So you're saying to shoot a .45 caliber bullet out of a .50 caliber barrel? I don't see how that will improve on accuracy?


----------



## Telum Pisces (Sep 27, 2007)

CurDog said:


> So you're saying to shoot a .45 caliber bullet out of a .50 caliber barrel? I don't see how that will improve on accuracy?


If you put a 50 cal bullet in a sabot, it ain't going down the barrel! Most ML rounds are .451 and fit into a sabot to make them .50 Cal.

This is what I use!

http://www.barnesbullets.com/muzzleloaders/expander-mz/

Took down elk sized animals just fine!!!


----------



## CurDog (Nov 14, 2010)

Seems like alot of extra effort to do what a ready made .50cal sabot/bullet does with half the effort. IDK but think I'll stick to the tried and true .50 powerbelts. g/l


----------



## Telum Pisces (Sep 27, 2007)

CurDog said:


> Seems like alot of extra effort to do what a ready made .50cal sabot/bullet does with half the effort. IDK but think I'll stick to the tried and true .50 powerbelts. g/l


Work what works best for you and your gun! ML's are finicky beasts! But typically getting a good round with a good tight fitting sabot can help in the accuracy department! If your gun shoots fine with PB and you are happy with the results, then stick with them.


----------



## Brandon_SPC2 (Aug 4, 2016)

CurDog said:


> So you're saying to shoot a .45 caliber bullet out of a .50 caliber barrel? I don't see how that will improve on accuracy?

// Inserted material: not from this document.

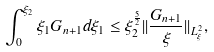Convert formula to latex. <formula><loc_0><loc_0><loc_500><loc_500>\int _ { 0 } ^ { \xi _ { 2 } } \xi _ { 1 } G _ { n + 1 } d \xi _ { 1 } \leq \xi _ { 2 } ^ { \frac { 5 } { 2 } } | | \frac { G _ { n + 1 } } { \xi } | | _ { L ^ { 2 } _ { \xi } } ,</formula>

It's just a 45 caliber bullet in a sabot. It's nothing new and has been out longer than I probably have been alive. Same concept with shotgun slugs. 

I think these have a BC of .210 and a full bore bullet of the same weight like Powerbelt Aerolites have a BC of .174. The 45 caliber bullet will retain velocity more over distance and be less effected to wind. But also I just don't like PBs because of the soft lead they use and are way over priced for ML bullets.


----------